• [Work item]
Give again, exactly as they appear, only the lines from the one containing "Next object: the board" through the last line of the material below.
START Input data
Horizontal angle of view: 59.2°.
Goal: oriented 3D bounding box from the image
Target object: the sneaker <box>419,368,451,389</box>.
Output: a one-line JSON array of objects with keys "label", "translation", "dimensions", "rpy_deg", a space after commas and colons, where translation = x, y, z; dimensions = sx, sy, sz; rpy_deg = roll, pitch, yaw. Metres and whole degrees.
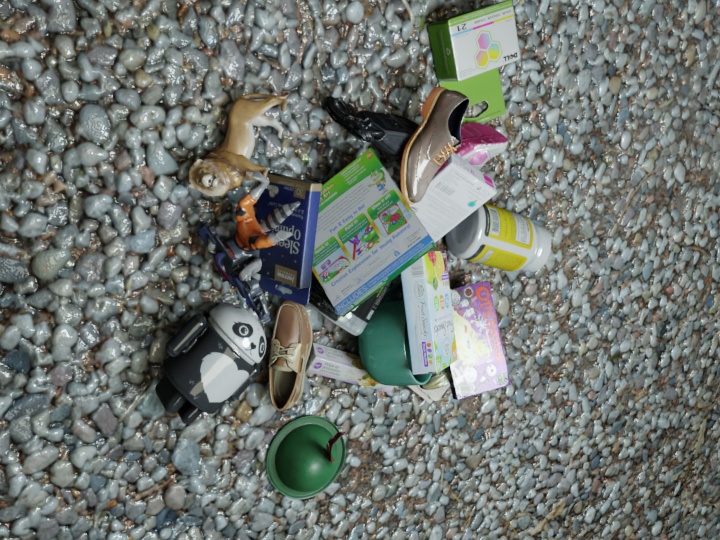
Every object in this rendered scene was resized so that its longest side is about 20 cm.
[{"label": "sneaker", "translation": [0.172, 0.145, 1.257], "dimensions": [0.089, 0.076, 0.201], "rpy_deg": [47, 73, -16]}]

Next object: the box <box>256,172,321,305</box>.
[{"label": "box", "translation": [-0.127, -0.052, 1.056], "dimensions": [0.032, 0.119, 0.207], "rpy_deg": [-10, 111, -52]}]

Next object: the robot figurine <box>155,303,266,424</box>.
[{"label": "robot figurine", "translation": [-0.243, 0.152, 1.046], "dimensions": [0.124, 0.150, 0.200], "rpy_deg": [42, 83, 7]}]

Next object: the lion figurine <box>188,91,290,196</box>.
[{"label": "lion figurine", "translation": [-0.192, -0.209, 1.014], "dimensions": [0.119, 0.073, 0.206], "rpy_deg": [17, 81, -2]}]

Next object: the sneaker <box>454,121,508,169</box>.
[{"label": "sneaker", "translation": [0.193, -0.213, 1.197], "dimensions": [0.195, 0.082, 0.090], "rpy_deg": [-21, 139, -22]}]

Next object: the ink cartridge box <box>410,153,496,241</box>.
[{"label": "ink cartridge box", "translation": [0.139, -0.122, 1.170], "dimensions": [0.117, 0.043, 0.199], "rpy_deg": [25, 131, -29]}]

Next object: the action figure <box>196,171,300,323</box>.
[{"label": "action figure", "translation": [-0.166, -0.027, 1.019], "dimensions": [0.103, 0.193, 0.203], "rpy_deg": [-23, 76, -47]}]

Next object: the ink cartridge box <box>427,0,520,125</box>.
[{"label": "ink cartridge box", "translation": [0.219, -0.369, 1.167], "dimensions": [0.144, 0.075, 0.206], "rpy_deg": [-23, 111, -19]}]

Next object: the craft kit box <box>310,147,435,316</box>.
[{"label": "craft kit box", "translation": [-0.006, -0.064, 1.058], "dimensions": [0.198, 0.048, 0.200], "rpy_deg": [-35, 75, 6]}]

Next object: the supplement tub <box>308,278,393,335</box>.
[{"label": "supplement tub", "translation": [0.000, 0.000, 1.130], "dimensions": [0.121, 0.122, 0.203], "rpy_deg": [34, 88, -29]}]

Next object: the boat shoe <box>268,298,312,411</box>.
[{"label": "boat shoe", "translation": [-0.127, 0.153, 1.123], "dimensions": [0.073, 0.072, 0.207], "rpy_deg": [4, 104, 9]}]

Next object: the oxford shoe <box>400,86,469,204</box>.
[{"label": "oxford shoe", "translation": [0.125, -0.207, 1.069], "dimensions": [0.070, 0.072, 0.206], "rpy_deg": [10, 100, -51]}]

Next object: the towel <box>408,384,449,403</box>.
[{"label": "towel", "translation": [0.165, 0.166, 1.308], "dimensions": [0.132, 0.034, 0.203], "rpy_deg": [37, 85, -30]}]

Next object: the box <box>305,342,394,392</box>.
[{"label": "box", "translation": [-0.015, 0.188, 1.214], "dimensions": [0.196, 0.042, 0.039], "rpy_deg": [21, 120, -29]}]

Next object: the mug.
[{"label": "mug", "translation": [0.068, 0.127, 1.197], "dimensions": [0.155, 0.111, 0.186], "rpy_deg": [68, 31, -26]}]

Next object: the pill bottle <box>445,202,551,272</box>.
[{"label": "pill bottle", "translation": [0.276, -0.063, 1.257], "dimensions": [0.195, 0.114, 0.118], "rpy_deg": [13, 98, -28]}]

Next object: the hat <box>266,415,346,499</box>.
[{"label": "hat", "translation": [-0.076, 0.377, 1.161], "dimensions": [0.164, 0.175, 0.203], "rpy_deg": [-37, 117, -12]}]

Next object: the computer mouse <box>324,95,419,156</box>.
[{"label": "computer mouse", "translation": [0.034, -0.237, 1.100], "dimensions": [0.196, 0.139, 0.054], "rpy_deg": [1, 127, -39]}]

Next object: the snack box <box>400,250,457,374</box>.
[{"label": "snack box", "translation": [0.124, 0.070, 1.133], "dimensions": [0.141, 0.051, 0.207], "rpy_deg": [-4, 88, -65]}]

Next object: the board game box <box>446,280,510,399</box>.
[{"label": "board game box", "translation": [0.213, 0.133, 1.222], "dimensions": [0.116, 0.032, 0.207], "rpy_deg": [-11, 87, -18]}]
END Input data
• [Result of the task]
Next object: the board game box <box>446,280,510,399</box>.
[{"label": "board game box", "translation": [0.213, 0.133, 1.222], "dimensions": [0.116, 0.032, 0.207], "rpy_deg": [-11, 87, -18]}]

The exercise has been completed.